### Task description
Taking each line of the records in turn, count those containing "dasharray" and report only the number.

### Listed entries
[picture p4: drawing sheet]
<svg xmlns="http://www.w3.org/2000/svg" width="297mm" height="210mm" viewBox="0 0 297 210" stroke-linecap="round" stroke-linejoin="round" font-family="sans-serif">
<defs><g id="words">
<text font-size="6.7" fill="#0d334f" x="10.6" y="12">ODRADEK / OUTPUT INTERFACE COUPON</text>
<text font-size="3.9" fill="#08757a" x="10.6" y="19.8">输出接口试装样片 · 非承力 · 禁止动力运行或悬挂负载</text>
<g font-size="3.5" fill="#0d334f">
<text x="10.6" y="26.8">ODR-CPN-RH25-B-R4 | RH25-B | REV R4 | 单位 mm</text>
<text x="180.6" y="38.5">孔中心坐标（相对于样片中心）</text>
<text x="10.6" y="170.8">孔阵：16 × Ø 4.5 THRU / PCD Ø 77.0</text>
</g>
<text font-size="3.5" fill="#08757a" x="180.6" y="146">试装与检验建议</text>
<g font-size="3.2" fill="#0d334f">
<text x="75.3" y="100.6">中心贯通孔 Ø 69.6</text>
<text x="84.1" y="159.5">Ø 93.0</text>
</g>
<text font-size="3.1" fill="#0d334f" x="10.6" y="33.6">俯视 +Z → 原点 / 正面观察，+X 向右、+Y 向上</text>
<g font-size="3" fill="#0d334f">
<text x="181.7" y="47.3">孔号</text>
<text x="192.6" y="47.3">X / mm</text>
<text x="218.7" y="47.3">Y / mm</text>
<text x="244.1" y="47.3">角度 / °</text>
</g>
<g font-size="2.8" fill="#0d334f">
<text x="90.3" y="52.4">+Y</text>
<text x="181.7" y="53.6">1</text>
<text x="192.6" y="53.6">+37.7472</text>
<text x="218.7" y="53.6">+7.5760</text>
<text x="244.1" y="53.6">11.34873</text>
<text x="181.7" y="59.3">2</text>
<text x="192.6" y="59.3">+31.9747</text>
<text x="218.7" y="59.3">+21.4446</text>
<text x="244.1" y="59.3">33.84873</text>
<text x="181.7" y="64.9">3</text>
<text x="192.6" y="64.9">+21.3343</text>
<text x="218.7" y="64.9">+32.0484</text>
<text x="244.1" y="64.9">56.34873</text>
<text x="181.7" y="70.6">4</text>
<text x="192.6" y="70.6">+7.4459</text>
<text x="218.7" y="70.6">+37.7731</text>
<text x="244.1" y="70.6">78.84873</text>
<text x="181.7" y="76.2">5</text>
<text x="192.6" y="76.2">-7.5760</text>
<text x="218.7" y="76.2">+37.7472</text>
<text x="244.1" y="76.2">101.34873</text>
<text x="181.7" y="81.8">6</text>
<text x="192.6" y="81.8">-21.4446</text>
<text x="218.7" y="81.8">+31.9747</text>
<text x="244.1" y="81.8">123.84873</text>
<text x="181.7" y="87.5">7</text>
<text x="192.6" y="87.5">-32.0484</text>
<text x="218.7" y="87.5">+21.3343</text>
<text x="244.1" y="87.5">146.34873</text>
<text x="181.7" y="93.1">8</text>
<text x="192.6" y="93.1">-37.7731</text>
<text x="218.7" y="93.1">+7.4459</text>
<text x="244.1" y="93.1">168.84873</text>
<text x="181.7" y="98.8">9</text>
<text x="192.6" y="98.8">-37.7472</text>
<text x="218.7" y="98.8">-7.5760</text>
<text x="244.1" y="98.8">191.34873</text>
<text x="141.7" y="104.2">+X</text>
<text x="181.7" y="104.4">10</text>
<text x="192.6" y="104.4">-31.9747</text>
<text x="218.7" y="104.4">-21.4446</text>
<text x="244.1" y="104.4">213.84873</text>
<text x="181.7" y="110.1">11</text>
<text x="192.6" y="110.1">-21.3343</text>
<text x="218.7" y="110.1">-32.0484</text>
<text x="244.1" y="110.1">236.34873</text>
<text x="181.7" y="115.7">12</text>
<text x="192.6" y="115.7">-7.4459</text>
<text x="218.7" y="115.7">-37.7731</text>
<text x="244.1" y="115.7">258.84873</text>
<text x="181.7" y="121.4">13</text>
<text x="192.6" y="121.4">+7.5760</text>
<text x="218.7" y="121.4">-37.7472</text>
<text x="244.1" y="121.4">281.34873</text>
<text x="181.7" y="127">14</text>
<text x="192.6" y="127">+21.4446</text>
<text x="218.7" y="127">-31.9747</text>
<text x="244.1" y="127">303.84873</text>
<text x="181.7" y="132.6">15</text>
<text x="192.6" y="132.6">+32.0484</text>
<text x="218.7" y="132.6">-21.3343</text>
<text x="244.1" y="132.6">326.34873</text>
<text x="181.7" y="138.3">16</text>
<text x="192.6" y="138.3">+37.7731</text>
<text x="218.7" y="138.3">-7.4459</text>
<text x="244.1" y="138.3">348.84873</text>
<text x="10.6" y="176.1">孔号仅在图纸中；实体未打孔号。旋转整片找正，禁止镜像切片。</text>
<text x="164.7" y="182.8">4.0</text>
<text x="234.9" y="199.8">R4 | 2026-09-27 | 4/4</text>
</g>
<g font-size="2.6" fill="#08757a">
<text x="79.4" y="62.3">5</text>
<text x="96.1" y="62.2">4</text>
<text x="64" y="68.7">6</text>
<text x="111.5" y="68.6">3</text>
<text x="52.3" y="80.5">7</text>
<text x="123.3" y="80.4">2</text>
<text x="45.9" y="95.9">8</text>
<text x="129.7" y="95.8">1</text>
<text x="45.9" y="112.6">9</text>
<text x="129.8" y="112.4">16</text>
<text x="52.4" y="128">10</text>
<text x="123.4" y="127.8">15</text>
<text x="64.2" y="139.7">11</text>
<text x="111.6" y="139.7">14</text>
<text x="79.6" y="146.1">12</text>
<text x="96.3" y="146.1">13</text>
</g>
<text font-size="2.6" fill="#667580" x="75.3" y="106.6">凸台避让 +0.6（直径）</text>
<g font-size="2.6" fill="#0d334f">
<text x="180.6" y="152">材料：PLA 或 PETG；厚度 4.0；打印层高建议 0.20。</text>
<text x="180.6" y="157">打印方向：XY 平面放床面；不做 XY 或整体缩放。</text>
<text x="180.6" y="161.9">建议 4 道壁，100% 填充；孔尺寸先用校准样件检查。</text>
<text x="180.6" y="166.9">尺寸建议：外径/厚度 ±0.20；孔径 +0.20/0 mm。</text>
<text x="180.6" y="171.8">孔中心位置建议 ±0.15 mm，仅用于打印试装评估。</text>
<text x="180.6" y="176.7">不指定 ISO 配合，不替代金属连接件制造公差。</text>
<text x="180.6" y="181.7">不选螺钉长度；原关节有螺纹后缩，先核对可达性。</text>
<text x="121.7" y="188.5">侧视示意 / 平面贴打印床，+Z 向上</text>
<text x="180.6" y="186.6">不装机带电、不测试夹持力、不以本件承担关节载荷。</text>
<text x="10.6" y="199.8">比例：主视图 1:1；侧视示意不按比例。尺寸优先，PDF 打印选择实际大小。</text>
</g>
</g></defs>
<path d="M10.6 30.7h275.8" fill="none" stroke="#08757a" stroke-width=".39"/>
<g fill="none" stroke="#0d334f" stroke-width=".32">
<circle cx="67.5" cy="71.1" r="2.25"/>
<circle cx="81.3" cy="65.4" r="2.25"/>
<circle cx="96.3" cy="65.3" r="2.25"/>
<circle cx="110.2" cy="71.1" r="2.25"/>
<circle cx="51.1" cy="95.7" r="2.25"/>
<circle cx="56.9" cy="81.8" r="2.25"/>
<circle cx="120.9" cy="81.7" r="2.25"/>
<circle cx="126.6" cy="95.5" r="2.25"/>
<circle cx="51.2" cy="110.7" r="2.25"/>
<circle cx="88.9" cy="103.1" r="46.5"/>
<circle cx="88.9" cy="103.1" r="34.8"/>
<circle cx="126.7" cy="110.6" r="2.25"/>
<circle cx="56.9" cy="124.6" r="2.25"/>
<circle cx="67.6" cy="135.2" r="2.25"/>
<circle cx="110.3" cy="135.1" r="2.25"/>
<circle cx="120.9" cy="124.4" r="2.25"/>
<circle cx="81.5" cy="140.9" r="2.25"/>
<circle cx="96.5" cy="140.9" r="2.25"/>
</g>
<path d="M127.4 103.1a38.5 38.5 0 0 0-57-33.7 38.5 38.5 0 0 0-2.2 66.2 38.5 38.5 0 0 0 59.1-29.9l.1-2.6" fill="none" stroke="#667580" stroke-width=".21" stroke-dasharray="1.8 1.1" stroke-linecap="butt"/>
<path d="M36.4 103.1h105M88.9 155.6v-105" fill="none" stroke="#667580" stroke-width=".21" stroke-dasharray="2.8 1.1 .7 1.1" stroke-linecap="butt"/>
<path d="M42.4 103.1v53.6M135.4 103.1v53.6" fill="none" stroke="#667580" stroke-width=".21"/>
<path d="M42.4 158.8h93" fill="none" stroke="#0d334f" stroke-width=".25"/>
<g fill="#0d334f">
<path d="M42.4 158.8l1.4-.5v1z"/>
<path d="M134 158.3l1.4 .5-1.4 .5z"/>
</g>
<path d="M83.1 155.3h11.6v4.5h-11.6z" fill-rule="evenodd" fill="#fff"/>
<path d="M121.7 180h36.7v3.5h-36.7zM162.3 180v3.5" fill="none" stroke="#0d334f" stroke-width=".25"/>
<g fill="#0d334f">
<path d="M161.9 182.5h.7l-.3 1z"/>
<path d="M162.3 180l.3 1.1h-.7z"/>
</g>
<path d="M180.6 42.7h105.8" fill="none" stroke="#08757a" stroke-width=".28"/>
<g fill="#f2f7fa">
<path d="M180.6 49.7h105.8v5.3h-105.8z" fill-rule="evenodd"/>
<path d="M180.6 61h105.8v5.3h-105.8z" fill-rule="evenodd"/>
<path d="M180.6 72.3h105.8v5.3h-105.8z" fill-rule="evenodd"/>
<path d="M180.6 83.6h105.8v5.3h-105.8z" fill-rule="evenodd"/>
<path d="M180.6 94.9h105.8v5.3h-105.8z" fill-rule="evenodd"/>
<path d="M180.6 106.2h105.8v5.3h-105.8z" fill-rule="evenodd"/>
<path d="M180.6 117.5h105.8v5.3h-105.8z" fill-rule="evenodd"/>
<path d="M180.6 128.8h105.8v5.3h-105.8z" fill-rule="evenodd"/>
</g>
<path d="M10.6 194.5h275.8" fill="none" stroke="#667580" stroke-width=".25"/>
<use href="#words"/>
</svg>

### Answer section
2